73. Hégémonie politique et union européenne
Napoléon à Sainte-Hélène évoque la dimension pan-européenne de son projet politique devant Las Cases et montre que, pour lui, le projet d’un grand Empire avait des enjeux sur des plans multiples mais constituait aussi une occasion historique sans précédent.
Une de mes plus grandes pensées avait été l’agglomération, la concentration des mêmes peuples géographiques qu’ont dissous, morcelés les révolutions et la politique. Ainsi, l’on compte en Europe, bien qu’épars, plus de trente millions de Français, quinze millions d’Espagnols, quinze millions d’Italiens, trente millions d’Allemands : j’eusse voulu faire de chacun de ces peuples un seul et même corps de nation. C’est avec un tel cortège qu’il eût été beau de s’avancer dans la postérité et la bénédiction des siècles. Je me sentais digne de cette gloire.
Après cette simplification sommaire, il eût été plus possible de se livrer à la chimère du beau idéal de la civilisation : c’est dans cet état de choses qu’on eût trouvé plus de chances d’amener partout l’unité des codes, celle des principes, des opinions, des sentiments, des vues et des intérêts. Alors peut-être à la faveur des lumières universellement répandues, devenait-il permis de rêver, pour la grande famille européenne, l’application du congrès américain, ou celle des Amphictyons de la Grècelxxxvii ; et quelle perspective alors de force, de grandeur, de jouissance, de prospérité ! Quel grand et magnifique spectacle.

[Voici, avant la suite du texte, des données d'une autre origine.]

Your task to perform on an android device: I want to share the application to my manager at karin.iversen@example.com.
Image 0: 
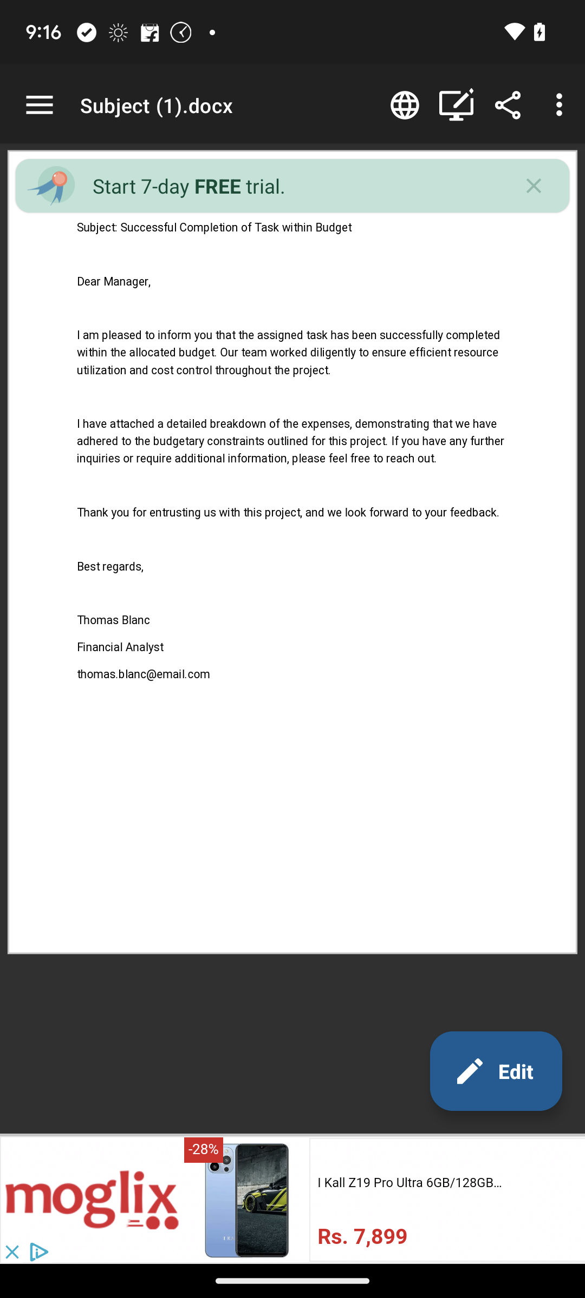
Click on the share icon.
Step 0: click (503, 105)
Image 2: 
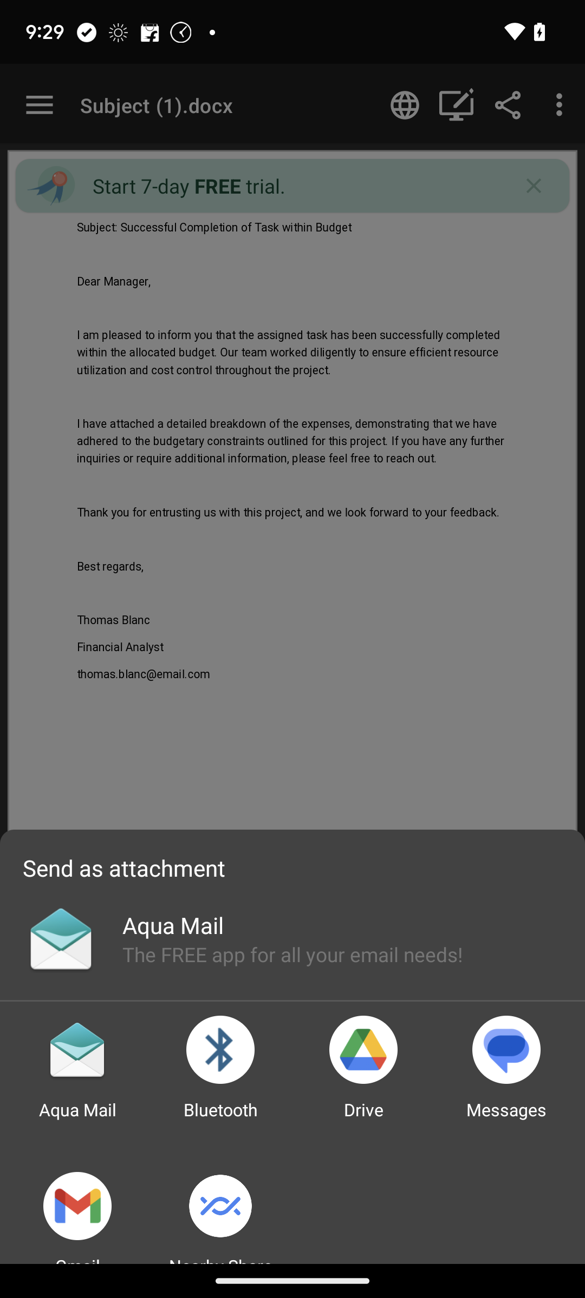
Click on the Gmail button.
Step 2: click (77, 1206)
Image 3: 
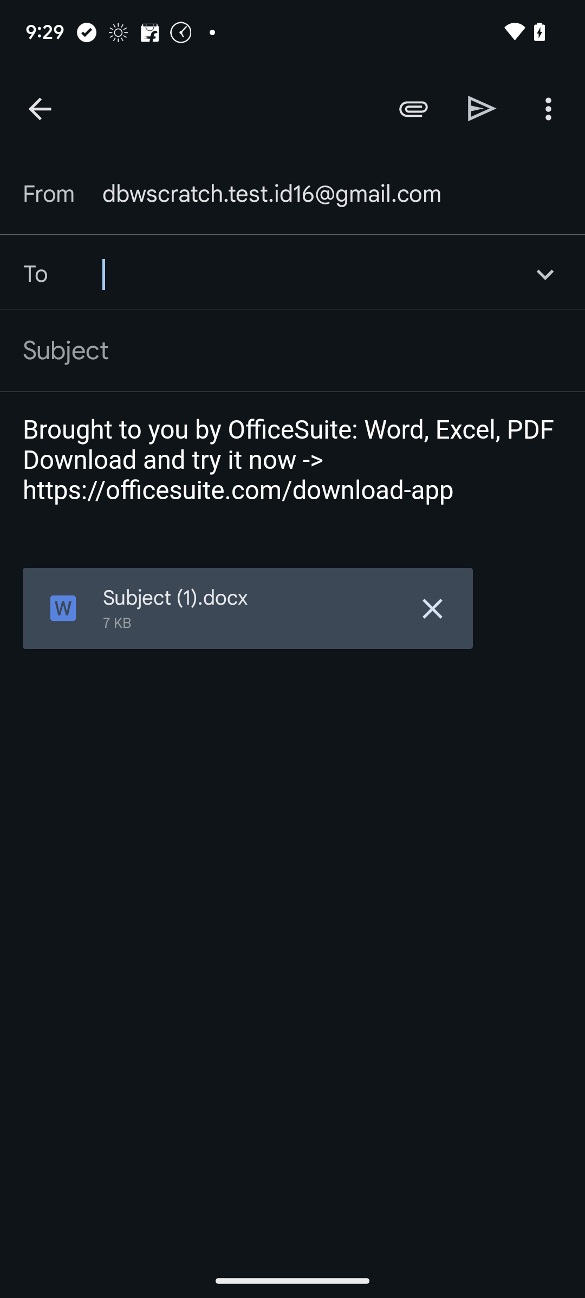
Enter the email id that is karin.iversen@example.com. 
Step 3: type "karin.iversen@example.com"
Image 4: 
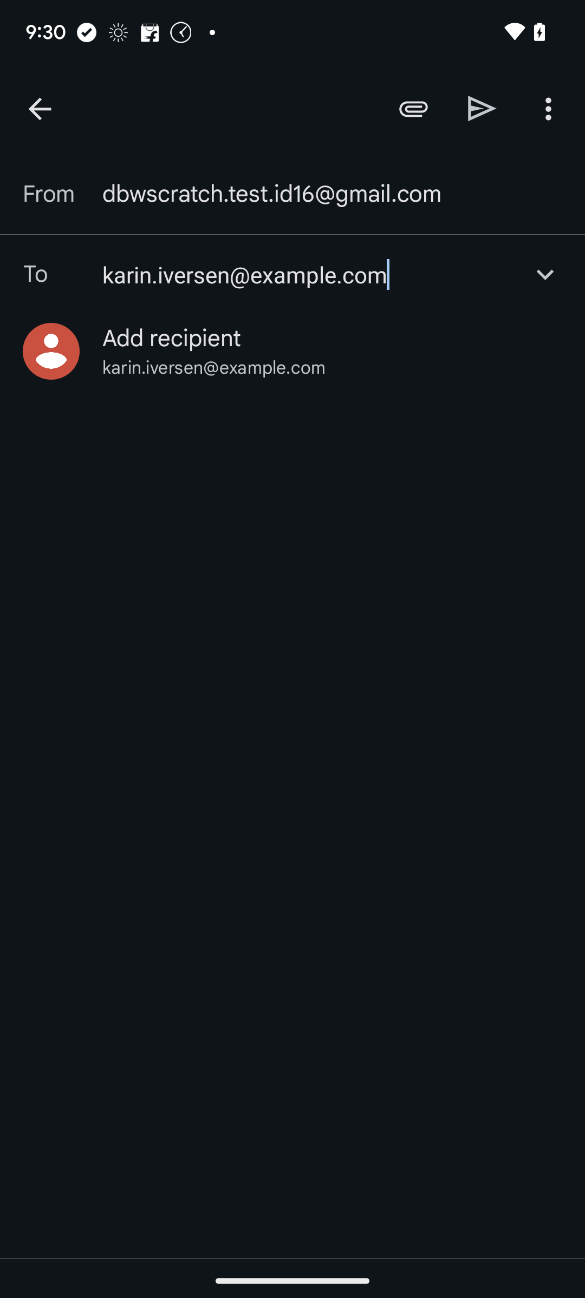
Click on the Add recipient button.
Step 4: click (332, 351)
Image 5: 
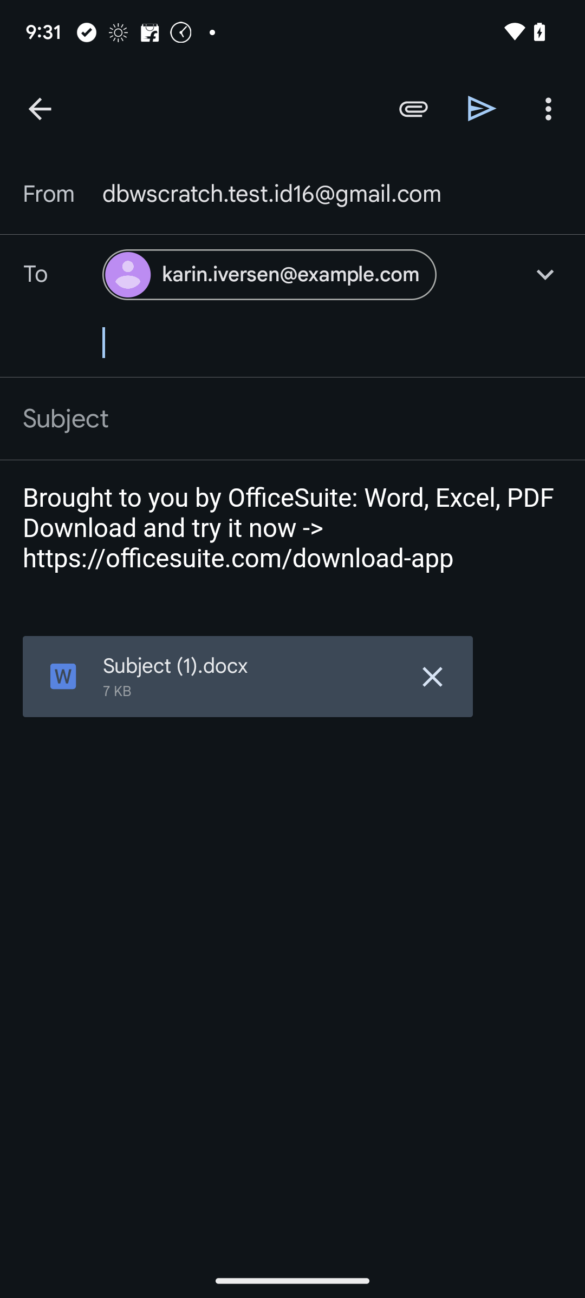
Click on the arrow forward button.
Step 5: click (482, 109)

Napoléon Bonaparte, propos du 11 novembre 1816, cité par Las Cases, Mémorial de Sainte-Hélène (1822–1823).
Pour lire le texte original en ligne (édition de 1823) : https://babel.hathitrust.org/cgi/pt?id=nyp.33433069328346
lxxxvii Le Conseil des Amphictyons, à Delphes, également proposé comme modèle par Henri IV, selon ce que rapporte Sully, se donnait pour objet la régulation des affaires publiques.